* **WHAT IS NEEDED**
Show every line of the material that follows in which the word "Unknown" occurs.
------------
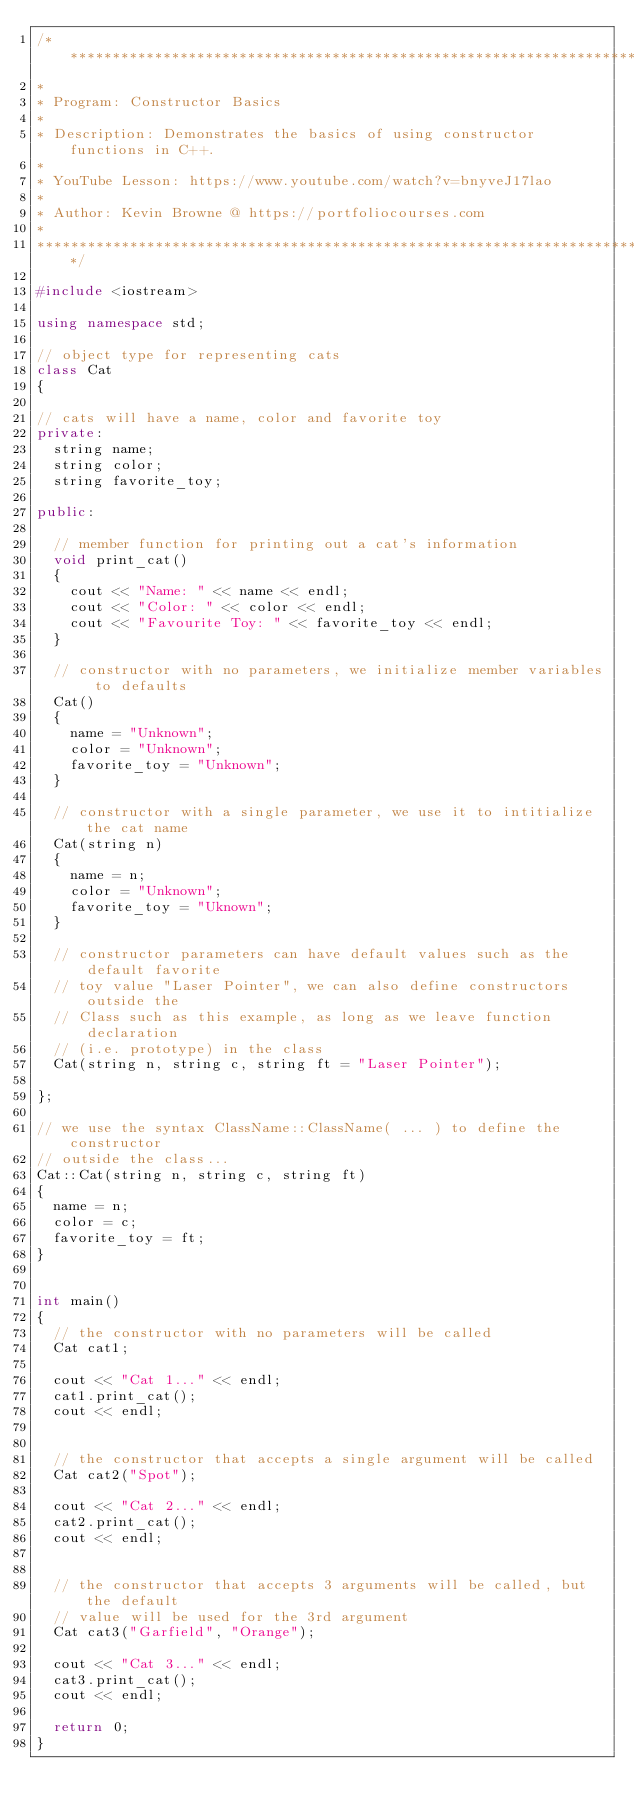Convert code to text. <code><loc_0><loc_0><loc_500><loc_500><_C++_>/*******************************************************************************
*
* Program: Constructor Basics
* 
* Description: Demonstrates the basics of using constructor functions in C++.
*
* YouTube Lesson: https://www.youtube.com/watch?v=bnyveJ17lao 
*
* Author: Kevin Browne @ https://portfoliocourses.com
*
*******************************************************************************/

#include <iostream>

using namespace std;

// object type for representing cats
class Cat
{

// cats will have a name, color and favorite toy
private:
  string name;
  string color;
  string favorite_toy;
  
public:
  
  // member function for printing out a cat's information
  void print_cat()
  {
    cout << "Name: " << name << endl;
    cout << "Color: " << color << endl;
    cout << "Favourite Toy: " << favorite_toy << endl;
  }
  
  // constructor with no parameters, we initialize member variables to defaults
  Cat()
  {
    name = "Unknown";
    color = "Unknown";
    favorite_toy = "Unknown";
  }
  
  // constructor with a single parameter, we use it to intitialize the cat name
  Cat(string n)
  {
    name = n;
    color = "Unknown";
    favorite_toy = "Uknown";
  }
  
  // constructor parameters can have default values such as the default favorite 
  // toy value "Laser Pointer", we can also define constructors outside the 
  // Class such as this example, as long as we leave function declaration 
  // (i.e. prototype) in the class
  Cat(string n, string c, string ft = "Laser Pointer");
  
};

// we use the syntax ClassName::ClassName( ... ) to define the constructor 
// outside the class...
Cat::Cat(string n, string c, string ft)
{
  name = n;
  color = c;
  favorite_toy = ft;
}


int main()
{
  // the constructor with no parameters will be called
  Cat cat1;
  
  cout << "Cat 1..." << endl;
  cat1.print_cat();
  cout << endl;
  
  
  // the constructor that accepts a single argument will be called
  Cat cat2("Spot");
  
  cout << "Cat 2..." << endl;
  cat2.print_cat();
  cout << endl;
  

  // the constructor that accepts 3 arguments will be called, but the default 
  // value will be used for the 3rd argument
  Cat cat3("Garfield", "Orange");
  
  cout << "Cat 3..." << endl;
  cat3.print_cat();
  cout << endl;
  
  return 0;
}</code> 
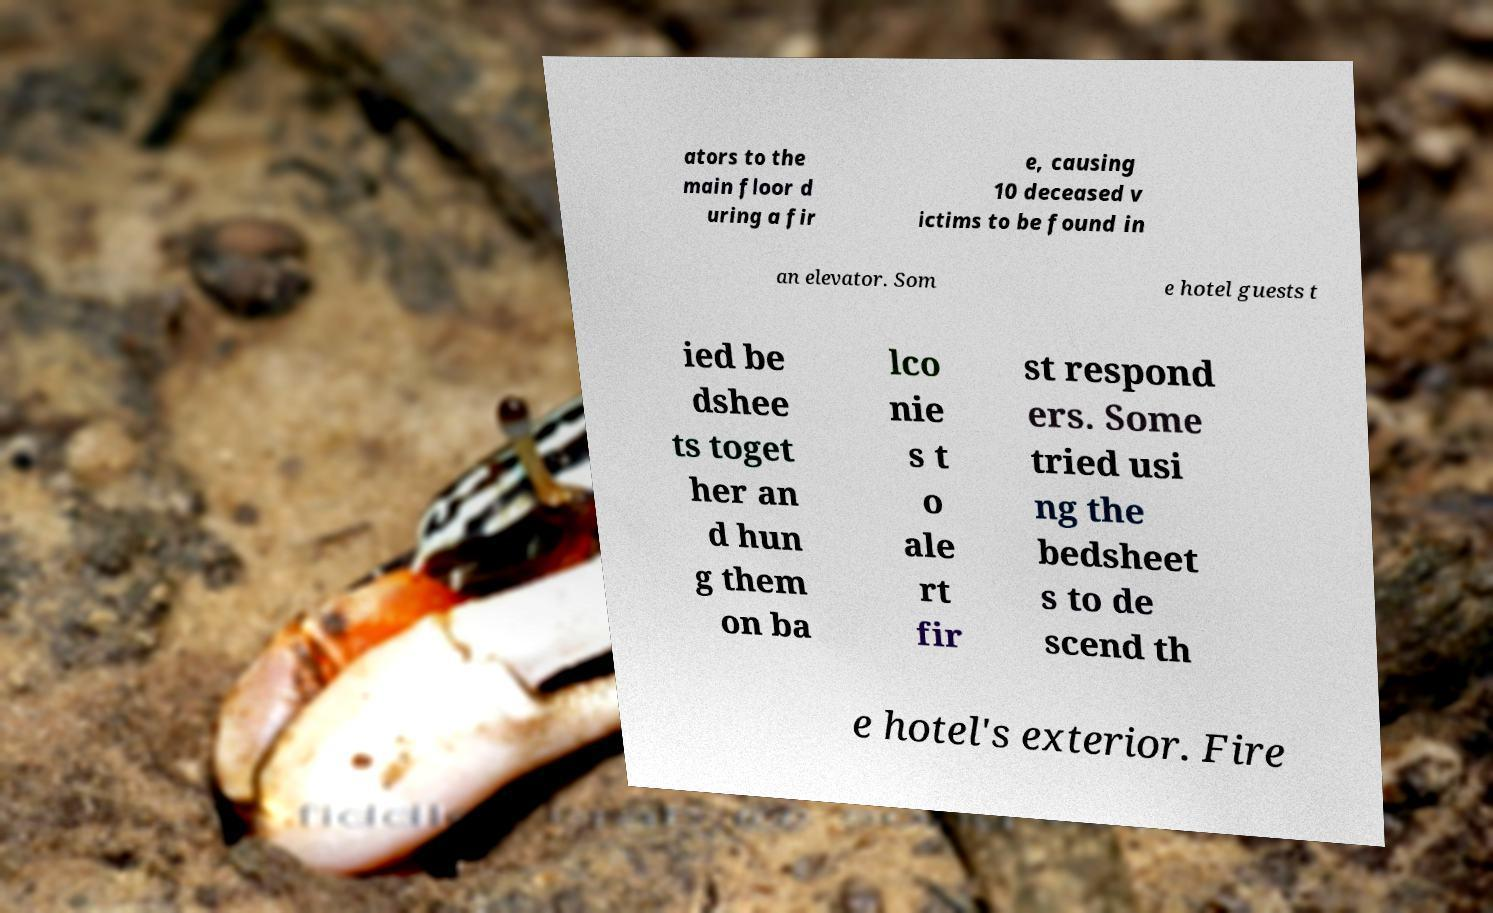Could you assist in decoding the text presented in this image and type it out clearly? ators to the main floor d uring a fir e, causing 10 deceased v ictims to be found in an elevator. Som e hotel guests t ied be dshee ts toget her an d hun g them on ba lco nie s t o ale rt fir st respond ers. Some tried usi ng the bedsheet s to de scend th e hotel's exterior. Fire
------------
* **SOLVED PROBLEM**
    name = "Unknown";
    color = "Unknown";
    favorite_toy = "Unknown";
    color = "Unknown";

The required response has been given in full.